Love of teaching surpassed engineering
Perez was born in Los Angeles and raised across the country. He earned a bachelor’s degree in mathematics and Spanish literature from the University of California at Riverside and a master’s degree in psychology from the University of La Verne in Los Angeles.
He was an engineer working for the Santa Ana Watershed Planning Agency who loved tutoring math to high school students in the evenings. He soon discovered he had more fun during his three hours of tutoring than at work as an engineer.
He went back to school to obtain his teaching credential so he could become a full time educator—giving up a more lucrative and better-compensated job to be in the classroom.
Counselor changes his life
When he was attending Colton High School in 1965 and was ready to flunk out of his classes and drop out, a counselor took an interest in him. He said it was this interest that turned his life around.
“Someone recognized that there was a spark in me and told me that I could go to college.
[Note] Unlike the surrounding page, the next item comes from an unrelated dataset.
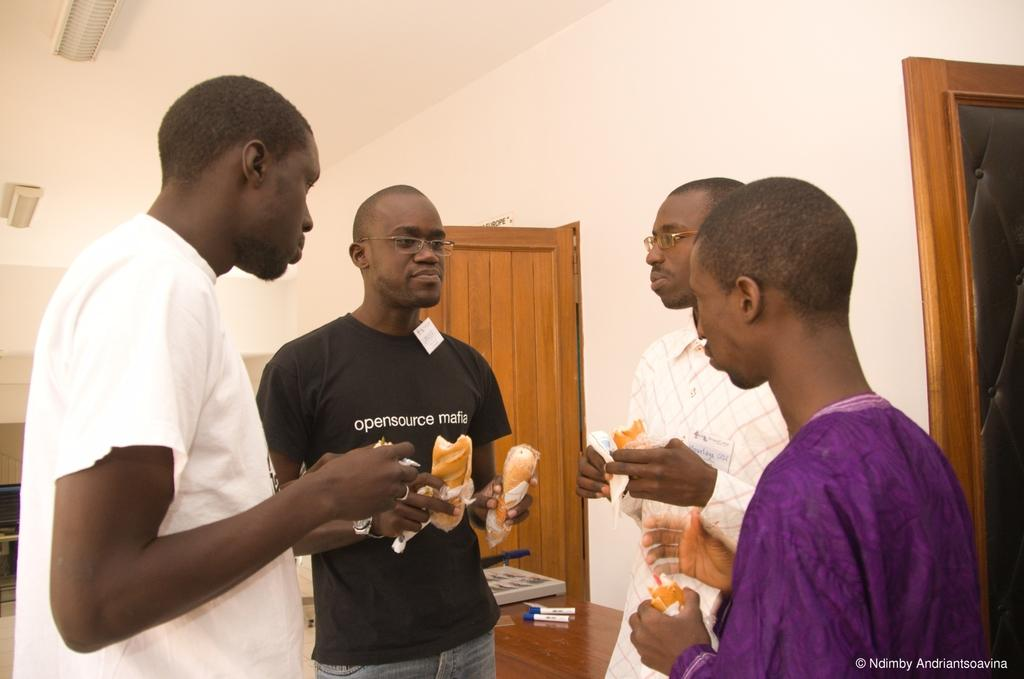How many people are in the image? There are people in the image, but the exact number is not specified. What are the people holding in the image? The people are holding food in the image. What can be seen in the background of the image? In the background of the image, there is a table, sketch pens, a wall, a roof, tube lights, a door, and some objects. Can you describe the lighting in the image? The lighting in the image is provided by tube lights, which are visible in the background. What might be the purpose of the door in the background? The door in the background could be used for entering or exiting the room or space where the image was taken. What type of needle is being used to sew the territory in the image? There is no needle or territory present in the image.

I thought, ‘Get real.’ I was a little hoodlum,” he joked.
Thanks to that counselor’s faith in him, Perez not only graduated from high school but also earned an academic scholarship to the UC-Riverside. “It made a difference in my life and changed who I was. It saved me and got me out of the slums of Los Angeles.”
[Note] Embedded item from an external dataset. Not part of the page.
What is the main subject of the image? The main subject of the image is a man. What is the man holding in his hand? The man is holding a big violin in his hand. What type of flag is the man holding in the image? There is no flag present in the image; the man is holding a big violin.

Perez became the first in a family of three children to attend college. His brother and sister followed suit. His mother, the youngest of 14 children, never attended high school and his father, the youngest of 15 children, only studied to the fifth grade.
His parents, who are now deceased, immigrated to the United States from Puerto Rico in the 1940s.
When he’s invited to speak at teaching functions, Perez always tells prospective educators that he would not trade all the money in the world for the abundance of love he’s received as a teacher. He still corresponds with former students who are now in their 40s.
“I’ve won all sorts of awards, but the best rewards are the letters I receive from parents and kids and past students who say, ‘Mr. Perez, I remember you.’ There’s a lot of feedback in teaching. I tell young and old teachers that if they don’t feel that love and joy in doing this, they need to consider a different profession because the money is not there.”
To deal with the job’s demands, Perez works out five days a week, plays the piano and is an amateur artist. He also loves to read science fiction novels. Frank Herbert’s “Dune” sits on his nightstand.
Perez is married to Shirakawa Elementary School Principal Pat Perez, and they have five children. His youngest daughter is in high school. Three of his children have graduated from college.